The case of NEIGRIHMS is pretty much the same. While NEIGRIHMS serves the entire region, it is located in Meghalaya and therefore the onus is on the Chief Minister of Meghalaya to push the Union Health Ministry for its improvement into an institution of excellence. But why only the CM? Other MLAs and the State Health Minister too can push for better, more efficient departments and doctors, better nursing care and enough funds to cater to the growing needs of patients that are growing by the day.
It is a sad commentary on our legislators but most of them are very constituency-centric. Very few rise above their constituencies to be state leaders. I recall the Late PG Marbaniang who as Speaker berated a few of his MLA colleagues for raising issues only pertaining to their constituencies. “When will you graduate into a state leader?” Marbaniang would literally roar. Alas! Other than the CM, no other MLA has risen to the ranks of a State leader and I say this because of one important reason. When Chief Minister Conrad Sangma declared to the World Bank honchos at a meeting in Meghalaya House Delhi in May 2023 that Meghalaya is ready to become a 10 billion dollar economy, none of the MLAs have asked him to qualify his statement and to point out the road-map to this gallant trajectory. Sangma laid out his plans to the World Bank saying that one key landmark initiative is Meghalaya Enterprise Architecture Project (MeghEA) which apparently is the first of its kind in any state. MeghEA allows for an e-proposal system which won an award at the UN-WSIS. In a democracy it is important for the last person in the village to know what all this means. Frankly speaking most of us would not know the implication of MeghEA and who the critical stakeholders are. Should this not have been discussed in the Assembly?
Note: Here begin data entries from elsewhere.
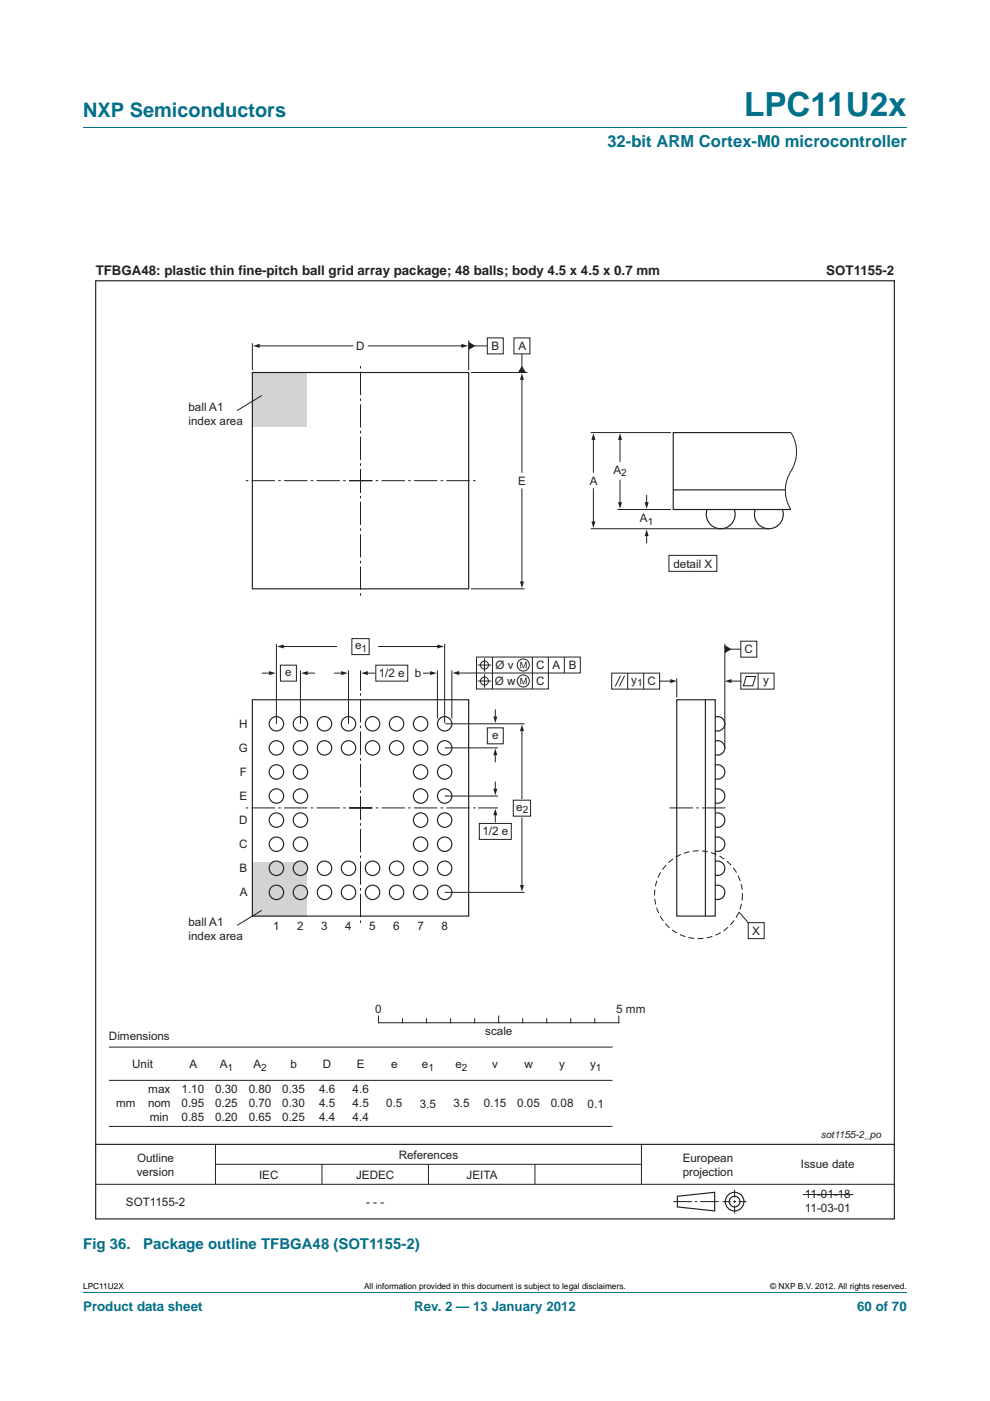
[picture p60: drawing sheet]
<svg xmlns="http://www.w3.org/2000/svg" width="210mm" height="297mm" viewBox="0 0 210 297" stroke-linecap="round" stroke-linejoin="round" font-family="sans-serif">
<defs><g id="words">
<text font-size="7" fill="#00718a" x="157.8" y="24.6">LPC11U2x</text>
<text font-size="4.2" fill="#00718a" x="17.6" y="24.9">NXP Semiconductors</text>
<text font-size="3.5" fill="#00718a" x="128.8" y="31.1">32-bit ARM Cortex-M0 microcontroller</text>
<g font-size="3.2" fill="#00718a">
<text x="17.6" y="264.9">Fig 36.</text>
<text x="30.3" y="264.9">Package outline TFBGA48 (SOT1155-2)</text>
</g>
<g font-size="2.8" fill="#231f20">
<text x="20.3" y="58.3">TFBGA48: plastic thin fine-pitch ball grid array package; 48 balls; body 4.5 x 4.5 x 0.7 mm</text>
<text x="175.2" y="58.3">SOT1155-2</text>
</g>
<g font-size="2.8" fill="#00718a">
<text x="17.6" y="277.9">Product data sheet</text>
<text x="87.8" y="277.9">Rev. 2 — 13 January 2012</text>
<text x="181.8" y="277.9">60 of 70</text>
</g>
<g font-size="2.5" fill="#231f20">
<text x="75.5" y="74.2">D</text>
<text x="104.2" y="74.2">B</text>
<text x="109.9" y="74.2">A</text>
<text x="40" y="87.2">ball A1</text>
<text x="40" y="90.2">index area</text>
<text x="130" y="100.5">A</text>
<text x="109.8" y="102.8">E</text>
<text x="125.1" y="102.8">A</text>
<text x="135.7" y="110.8">A</text>
<text x="142.8" y="120.3">detail X</text>
<text x="75.3" y="137.7">e</text>
<text x="60.5" y="143.4">e</text>
<text x="80.3" y="143.6">1/2 e</text>
<text x="88" y="143.6">b</text>
<text x="105" y="141.8">Ø v</text>
<text x="113.7" y="141.8">C</text>
<text x="117.1" y="141.8">A</text>
<text x="120.6" y="141.8">B</text>
<text x="157.9" y="138.5">C</text>
<text x="104.9" y="145.2">Ø w</text>
<text x="113.7" y="145.2">C</text>
<text x="133.9" y="145">y</text>
<text x="137.3" y="145.3">C</text>
<text x="161.8" y="145">y</text>
<text x="50.7" y="154.3">H</text>
<text x="50.7" y="159.4">G</text>
<text x="104.3" y="156.6">e</text>
<text x="50.9" y="164.5">F</text>
<text x="50.8" y="169.7">E</text>
<text x="109.5" y="171.9">e</text>
<text x="50.7" y="179.9">C</text>
<text x="50.7" y="174.8">D</text>
<text x="102.3" y="177.1">1/2 e</text>
<text x="50.8" y="185">B</text>
<text x="50.9" y="190.1">A</text>
<text x="40" y="196.3">ball A1</text>
<text x="57.9" y="197.1">1</text>
<text x="63" y="197.1">2</text>
<text x="68.1" y="197.1">3</text>
<text x="73.2" y="197.1">4</text>
<text x="78.3" y="197.1">5</text>
<text x="83.4" y="197.1">6</text>
<text x="88.5" y="197.1">7</text>
<text x="93.6" y="197.1">8</text>
<text x="40" y="199.3">index area</text>
<text x="159.5" y="198.2">X</text>
<text x="79.6" y="214.9">0</text>
<text x="130.7" y="214.9">5 mm</text>
<text x="23.1" y="220.6">Dimensions</text>
<text x="102.9" y="219.5">scale</text>
<text x="28" y="226.5">Unit</text>
<text x="40.1" y="226.5">A</text>
<text x="46.6" y="226.5">A</text>
<text x="53.7" y="226.5">A</text>
<text x="61.6" y="226.5">b</text>
<text x="68.5" y="226.5">D</text>
<text x="75.7" y="226.5">E</text>
<text x="82.9" y="226.5">e</text>
<text x="89.4" y="226.5">e</text>
<text x="96.6" y="226.5">e</text>
<text x="104.3" y="226.5">v</text>
<text x="111.2" y="226.5">w</text>
<text x="118.6" y="226.5">y</text>
<text x="125.1" y="226.5">y</text>
<text x="31.4" y="231.8">max</text>
<text x="38.5" y="231.8">1.10</text>
<text x="45.6" y="231.8">0.30</text>
<text x="52.7" y="231.8">0.80</text>
<text x="59.8" y="231.8">0.35</text>
<text x="67.7" y="231.8">4.6</text>
<text x="74.8" y="231.8">4.6</text>
<text x="24.6" y="234.8">mm</text>
<text x="31.4" y="234.8">nom</text>
<text x="31.8" y="237.7">min</text>
<text x="38.5" y="234.8">0.95</text>
<text x="38.5" y="237.7">0.85</text>
<text x="45.6" y="234.8">0.25</text>
<text x="45.6" y="237.7">0.20</text>
<text x="52.7" y="234.8">0.70</text>
<text x="52.7" y="237.7">0.65</text>
<text x="59.8" y="234.8">0.30</text>
<text x="59.8" y="237.7">0.25</text>
<text x="67.7" y="234.8">4.5</text>
<text x="67.7" y="237.7">4.4</text>
<text x="74.8" y="234.8">4.5</text>
<text x="74.8" y="237.7">4.4</text>
<text x="81.9" y="234.8">0.5</text>
<text x="89" y="234.8">3.5</text>
<text x="96.1" y="234.8">3.5</text>
<text x="102.6" y="234.8">0.15</text>
<text x="109.7" y="234.8">0.05</text>
<text x="116.8" y="234.8">0.08</text>
<text x="124.6" y="234.8">0.1</text>
<text x="84.5" y="245.7">References</text>
<text x="29" y="249.3">version</text>
<text x="29.1" y="246.3">Outline</text>
<text x="54.9" y="250">IEC</text>
<text x="75.5" y="250">JEDEC</text>
<text x="98.9" y="250">JEITA</text>
<text x="144.8" y="246.3">European</text>
<text x="144.8" y="249.3">projection</text>
<text x="169.8" y="247.7">Issue date</text>
<text x="26.7" y="255.6">SOT1155-2</text>
<text x="77.6" y="255.8">- - -</text>
<text x="170.7" y="254.1">11-01-18</text>
<text x="170.7" y="257">11-03-01</text>
</g>
<g font-size="2.1" fill="#231f20">
<text x="131.7" y="101">2</text>
<text x="137.3" y="111.3">1</text>
<text x="76.7" y="138.2">1</text>
<text x="135.1" y="145.5">1</text>
<text x="110.8" y="172.4">2</text>
<text x="48.3" y="227">1</text>
<text x="55.4" y="227">2</text>
<text x="90.8" y="227">1</text>
<text x="97.9" y="227">2</text>
<text x="126.3" y="227">1</text>
<text x="174" y="241.4">sot1155-2_po</text>
</g>
<g font-size="1.8">
<text x="17.6" y="273.3">LPC11U2X</text>
<text x="77.2" y="273.3">All information provided in this document is subject to legal disclaimers.</text>
<text x="163.3" y="273.3">© NXP B.V. 2012. All rights reserved.</text>
</g>
</g></defs>
<path d="M17.6 27h174.7M17.6 273.9h174.7" fill="none" stroke="#00718a" stroke-width=".21"/>
<g fill="none" stroke="#231f20" stroke-width=".21">
<path d="M80.2 215.4v1.4h51v-1.4M85.3 216v.8M90.4 216v.8M95.5 216v.8M100.6 216v.8M105.7 215.4v1.4M110.8 216v.8M115.9 216v.8M121 216v.8M126.1 216v.8M23.1 229.1h106.8M23.1 238.8h106.8"/>
<path d="M23.1 222h106.8M20.3 251.1h169.3M45.7 242.6v8.5M45.7 246.9h90.3M68.3 246.9v4.2M90.8 246.9v4.2M113.4 246.9v4.2M136 242.6v8.5M142.8 254.8h3.9M147.3 254.8h.6M148.4 254.8h4M153.2 254.8h1.7"/>
<path d="M155.5 254.8h.5M155.8 252.2v1.7M155.8 254.5v.5M155.8 255.6v1.7M156.6 254.8h1.7"/>
</g>
<g fill="none" stroke="#231f20" stroke-width=".25">
<path d="M20.3 59.5h169.3v198.9h-169.3zM20.3 242.6h169.3M143.6 253.6l7.9-.8v3.9l-7.9-.8z"/>
<circle cx="155.8" cy="254.8" r="1.98"/>
<circle cx="155.8" cy="254.8" r="1.13"/>
</g>
<path d="M53.5 79h11.5v11.4h-11.5z" fill="#d1d3d4"/>
<path d="M100.5 73.3h2.8M55.5 83.9l-5.2 3.2" fill="none" stroke="#231f20" stroke-width=".21"/>
<path d="M99.4 72.5l1.4 .8-1.4 .9z" fill="#231f20"/>
<path d="M103.3 71.6h3.4v3.4h-3.4zM110.7 75v2.9" fill="none" stroke="#231f20" stroke-width=".21"/>
<path d="M110.7 77.6l.8 1.4h-1.7z" fill="#231f20"/>
<path d="M78.1 73.3h20M109 71.6h3.4v3.4h-3.4z" fill="none" stroke="#231f20" stroke-width=".21"/>
<path d="M97.8 72.9l1.4 .4-1.4 .4z" fill="#231f20"/>
<path d="M54.8 73.3h20" fill="none" stroke="#231f20" stroke-width=".21"/>
<path d="M53.6 73.3l1.5-.4v.8z" fill="#231f20"/>
<path d="M110.7 80.2v19.9" fill="none" stroke="#231f20" stroke-width=".21"/>
<path d="M110.7 79.1l.4 1.4h-.9z" fill="#231f20"/>
<path d="M110.7 103.7v19.9" fill="none" stroke="#231f20" stroke-width=".21"/>
<path d="M110.2 123.3h.9l-.4 1.4z" fill="#231f20"/>
<path d="M53.5 72.8v5.7M99.4 72.2v6.3M99.9 79h11.9M99.9 124.8h11.3M55.6 142.7h1.7M170.2 253.3h10.7" fill="none" stroke="#231f20" stroke-width=".21"/>
<path d="M76.4 99.5v26.8M74 101.9h26.9M76.4 104.4v-26.8M78.9 101.9h-26.8" fill="none" stroke="#231f20" stroke-width=".21" stroke-dasharray="4.9 .7 .5 .7" stroke-linecap="butt"/>
<path d="M53.5 79h45.9v45.8h-45.9z" fill="none" stroke="#231f20" stroke-width=".25"/>
<path d="M57.1 142.3l1.4 .4-1.4 .4z" fill="#231f20"/>
<path d="M70.9 142.7h1.7" fill="none" stroke="#231f20" stroke-width=".21"/>
<path d="M72.3 142.3l1.4 .4-1.4 .4z" fill="#231f20"/>
<path d="M80.3 137.1h12.7" fill="none" stroke="#231f20" stroke-width=".21"/>
<path d="M92.7 136.6l1.4 .5-1.4 .4z" fill="#231f20"/>
<path d="M59.9 137.1h11.4" fill="none" stroke="#231f20" stroke-width=".21"/>
<path d="M58.7 137.1l1.5-.5v.9z" fill="#231f20"/>
<path d="M65 142.7h1.7" fill="none" stroke="#231f20" stroke-width=".21"/>
<path d="M63.8 142.7l1.5-.4v.8z" fill="#231f20"/>
<path d="M77.7 142.7h1.7" fill="none" stroke="#231f20" stroke-width=".21"/>
<path d="M76.6 142.7l1.4-.4v.8z" fill="#231f20"/>
<path d="M105 172.6v1.7" fill="none" stroke="#231f20" stroke-width=".21"/>
<path d="M105 171.4l.4 1.4h-.8z" fill="#231f20"/>
<path d="M105 159.8v1.7" fill="none" stroke="#231f20" stroke-width=".21"/>
<path d="M105 158.7l.4 1.4h-.8z" fill="#231f20"/>
<path d="M110.7 154.7v14.6" fill="none" stroke="#231f20" stroke-width=".21"/>
<path d="M110.7 153.6l.4 1.4h-.9z" fill="#231f20"/>
<path d="M105 150.5v1.7" fill="none" stroke="#231f20" stroke-width=".21"/>
<path d="M104.6 151.9h.8l-.4 1.4z" fill="#231f20"/>
<path d="M105 165.8v1.7" fill="none" stroke="#231f20" stroke-width=".21"/>
<path d="M104.6 167.2h.8l-.4 1.4z" fill="#231f20"/>
<path d="M110.7 173.4v14.5" fill="none" stroke="#231f20" stroke-width=".21"/>
<path d="M110.2 187.6h.9l-.4 1.5z" fill="#231f20"/>
<path d="M74.6 135.4h3.7v3.4h-3.7zM59.5 141h3.3v3.4h-3.3zM89.8 142.7h1.7M103.3 154.3h3.4v3.4h-3.4zM108.8 169.7h3.7v3.3h-3.7z" fill="none" stroke="#231f20" stroke-width=".21"/>
<path d="M91.2 142.3l1.4 .4-1.4 .4z" fill="#231f20"/>
<path d="M79.7 141h6.8v3.4h-6.8zM101.6 174.6h6.8v3.4h-6.8z" fill="none" stroke="#231f20" stroke-width=".21"/>
<path d="M53.5 182.8h11.5v11.4h-11.5z" fill="#d1d3d4"/>
<g fill="none" stroke="#231f20" stroke-width=".21">
<path d="M58.6 136.5v17M94.3 136.5v16.8M154.8 137.6h2.3M63.7 142.2v11.3M73.9 142.2v11.3M76.4 142.2v4.3M92.7 142.2v10.1M94.3 158.6h11.3M94.4 153.5h16.8M95.8 142.2v10.1M94.3 168.8h11.3M101.3 171.3h4.3"/>
<path d="M55.5 193l-5.2 3.2M94.3 189.2h16.9"/>
</g>
<path d="M74 171.3h26.9M76.4 168.9v26.8M76.4 173.8v-26.8M78.9 171.3h-26.8" fill="none" stroke="#231f20" stroke-width=".21" stroke-dasharray="4.9 .7 .5 .7" stroke-linecap="butt"/>
<g fill="none" stroke="#231f20" stroke-width=".25">
<path d="M53.5 148.4h45.9v45.8h-45.9z"/>
<circle cx="58.6" cy="153.5" r="1.53"/>
<circle cx="58.6" cy="158.6" r="1.53"/>
<circle cx="63.7" cy="153.5" r="1.53"/>
<circle cx="63.7" cy="158.6" r="1.53"/>
<circle cx="68.8" cy="153.5" r="1.53"/>
<circle cx="68.8" cy="158.6" r="1.53"/>
<circle cx="73.9" cy="153.5" r="1.53"/>
<circle cx="73.9" cy="158.6" r="1.53"/>
<circle cx="79" cy="153.5" r="1.53"/>
<circle cx="79" cy="158.6" r="1.53"/>
<circle cx="84.1" cy="153.5" r="1.53"/>
<circle cx="84.1" cy="158.6" r="1.53"/>
<circle cx="89.2" cy="153.5" r="1.53"/>
<circle cx="89.2" cy="158.6" r="1.53"/>
<circle cx="94.3" cy="153.5" r="1.53"/>
<circle cx="94.3" cy="158.6" r="1.53"/>
<circle cx="58.6" cy="163.7" r="1.53"/>
<circle cx="58.6" cy="168.8" r="1.53"/>
<circle cx="58.6" cy="173.9" r="1.53"/>
<circle cx="58.6" cy="179" r="1.53"/>
<circle cx="63.7" cy="163.7" r="1.53"/>
<circle cx="63.7" cy="168.8" r="1.53"/>
<circle cx="63.7" cy="173.9" r="1.53"/>
<circle cx="63.7" cy="179" r="1.53"/>
<circle cx="89.2" cy="163.7" r="1.53"/>
<circle cx="89.2" cy="168.8" r="1.53"/>
<circle cx="89.2" cy="173.9" r="1.53"/>
<circle cx="89.2" cy="179" r="1.53"/>
<circle cx="94.3" cy="163.7" r="1.53"/>
<circle cx="94.3" cy="168.8" r="1.53"/>
<circle cx="94.3" cy="173.9" r="1.53"/>
<circle cx="94.3" cy="179" r="1.53"/>
<circle cx="58.6" cy="184.1" r="1.53"/>
<circle cx="58.6" cy="189.2" r="1.53"/>
<circle cx="63.7" cy="184.1" r="1.53"/>
<circle cx="63.7" cy="189.2" r="1.53"/>
<circle cx="68.8" cy="184.1" r="1.53"/>
<circle cx="68.8" cy="189.2" r="1.53"/>
<circle cx="73.9" cy="184.1" r="1.53"/>
<circle cx="73.9" cy="189.2" r="1.53"/>
<circle cx="79" cy="184.1" r="1.53"/>
<circle cx="79" cy="189.2" r="1.53"/>
<circle cx="84.1" cy="184.1" r="1.53"/>
<circle cx="84.1" cy="189.2" r="1.53"/>
<circle cx="89.2" cy="184.1" r="1.53"/>
<circle cx="89.2" cy="189.2" r="1.53"/>
<circle cx="94.3" cy="184.1" r="1.53"/>
<circle cx="94.3" cy="189.2" r="1.53"/>
</g>
<path d="M153.7 136.8l1.4 .8-1.4 .9z" fill="#231f20"/>
<path d="M157.1 135.9h3.4v3.4h-3.4zM154.8 144.4h2.3" fill="none" stroke="#231f20" stroke-width=".21"/>
<path d="M153.7 144.4l1.4-.4v.8z" fill="#231f20"/>
<path d="M139.9 144.4h2.5M157.1 142.7h7v3.4h-7zM158.2 143.4h2l-.6 2h-2zM160.7 142.7v3.4" fill="none" stroke="#231f20" stroke-width=".21"/>
<path d="M142.1 144l1.4 .4-1.4 .4z" fill="#231f20"/>
<path d="M125.8 93v7.1M141.8 117.7h10.2v3.4h-10.2zM153.7 136.5v22.1M129.7 142.7h10.2v3.4h-10.2zM131.6 143.3l-1.2 2.2M132.4 143.3l-1.1 2.2M133.1 142.7v3.4M136.5 142.7v3.4M143.5 143.8v4.1M156.7 193.4l1.9 2.2M158.6 195.6h3.4v3.4h-3.4z" fill="none" stroke="#231f20" stroke-width=".21"/>
<circle cx="148.1" cy="189.7" r="9.3" fill="none" stroke="#231f20" stroke-width=".21" stroke-dasharray="1.2 .7" stroke-linecap="butt"/>
<path d="M143.5 148.4h8.1v45.8h-8.1zM149.6 148.4v45.8M151.6 152a1.53 1.53 0 0 1 2.1 1.5 1.53 1.53 0 0 1-2.1 1.4M151.6 157.1a1.53 1.53 0 0 1 2.1 1.5 1.53 1.53 0 0 1-2.1 1.4M151.6 162.2a1.53 1.53 0 0 1 2.1 1.5 1.53 1.53 0 0 1-2.1 1.4M151.6 167.3a1.53 1.53 0 0 1 2.1 1.5 1.53 1.53 0 0 1-2.1 1.4M151.6 172.4a1.53 1.53 0 0 1 2.1 1.5 1.53 1.53 0 0 1-2.1 1.4M151.6 177.5a1.53 1.53 0 0 1 2.1 1.5 1.53 1.53 0 0 1-2.1 1.4M151.6 182.7a1.53 1.53 0 0 1 2.1 1.4 1.53 1.53 0 0 1-2.1 1.4M151.6 187.8a1.53 1.53 0 0 1 2.1 1.4 1.53 1.53 0 0 1-2.1 1.4" fill="none" stroke="#231f20" stroke-width=".25"/>
<path d="M142 171.3h11.8" fill="none" stroke="#231f20" stroke-width=".21" stroke-dasharray="4.9 .7 .5 .7" stroke-linecap="butt"/>
<path d="M125.8 91.9l.4 1.4h-.8z" fill="#231f20"/>
<path d="M125.8 103.6v7.2" fill="none" stroke="#231f20" stroke-width=".21"/>
<path d="M125.4 110.6h.8l-.4 1.4z" fill="#231f20"/>
<path d="M131.5 93v4.9" fill="none" stroke="#231f20" stroke-width=".21"/>
<path d="M131.5 91.9l.4 1.4h-.9z" fill="#231f20"/>
<path d="M131.5 101.8v5" fill="none" stroke="#231f20" stroke-width=".21"/>
<path d="M131 106.5h.9l-.4 1.4z" fill="#231f20"/>
<path d="M137.1 113.4v1.7" fill="none" stroke="#231f20" stroke-width=".21"/>
<path d="M137.1 112.2l.4 1.5h-.8z" fill="#231f20"/>
<path d="M137.1 105.1v1.7" fill="none" stroke="#231f20" stroke-width=".21"/>
<path d="M136.7 106.5h.8l-.4 1.4z" fill="#231f20"/>
<path d="M167.7 91.7h-25v16.3h25M142.7 103.9h23.8M155.7 108a3.1 3.1 0 0 1-2.9 4.1 3.1 3.1 0 0 1-2.9-4.1M165.9 108a3.1 3.1 0 0 1-2.9 4.1 3.1 3.1 0 0 1-2.9-4.1" fill="none" stroke="#231f20" stroke-width=".25"/>
<path d="M125.2 91.7h17.1M167.7 91.7a7.6 7.6 0 0 1 0 8.2 7.5 7.5 0 0 0 0 8.1M125.2 112.1h37.8M130.9 108h11.4M97.1 142.7h3.9" fill="none" stroke="#231f20" stroke-width=".21"/>
<path d="M95.9 142.7l1.5-.4v.8z" fill="#231f20"/>
<circle cx="110.9" cy="141" r="1.28" fill="none" stroke="#231f20" stroke-width=".21"/>
<path d="M110.3 140.3h.3l.4 1.2 .4-1.2h.3v1.4h-.2v-1.2l-.4 1.2h-.2l-.4-1.2v1.2h-.2z" fill="#231f20"/>
<circle cx="110.9" cy="144.4" r="1.28" fill="none" stroke="#231f20" stroke-width=".21"/>
<path d="M110.3 143.7h.3l.4 1.2 .4-1.2h.3v1.4h-.2v-1.2l-.4 1.2h-.2l-.4-1.2v1.2h-.2z" fill="#231f20"/>
<g fill="none" stroke="#231f20" stroke-width=".21">
<path d="M101 139.3h22v3.4h-22zM102.7 139.6v2.8M104.4 139.3v6.8M112.9 139.3v6.8M116.3 139.3v6.8h-15.3v-3.4M119.7 139.3v3.4M101.3 141h2.8M101.3 144.4h2.8M102.7 143v2.8"/>
<circle cx="102.7" cy="141" r=".85"/>
<circle cx="102.7" cy="144.4" r=".85"/>
</g>
<use href="#words"/>
</svg>

The Chief Minister informed the World Bank that there are currently 12 externally aided projects with another 11 in the pipeline. These projects are worth over Rs 10,000 crores of external funding and over Rs 2400 crore is a loan from the World Bank. World Bank projects include the Meghalaya Integrated Transport Project (MITP), Meghalaya Community-led Landscape Management Project (CLLMP), Meghalaya Health Systems Strengthening Project (MHSSP), Meghalaya Programme for Adolescent Well-being, Employment and Resilience (EMPOWER). We are dealing with a lot of acronyms here and what bothers me as a citizen of this state is (1) Is the World Bank going to do an independent monitoring and audit to see how the projects are implemented (2) How are the projects working on the ground? (3) We have heard of CLLMP for a while now. Can the Government show us the progress of this project? And which are the target districts for the EMPOWER scheme? All the above needed to be discussed threadbare in the Assembly since the public are the real stakeholders and the Government an implementer.
The above is the problem with Meghalaya. We don’t have MLAs that have the calibre to grill the suave CM and his SMART team (nearly every scheme is named Smart) and to get them to tell us the outcomes of these schemes every 6 months. Let’s not forget that a loan must be repaid. Its not a freebie from the World Bank. And if the above schemes are implemented, I am curious to know how we can become a 10 billion dollar economy. Mr Chief Minister, would you care to give us a brief on this? Please call a press conference of senior journalists. I promise to be all ears!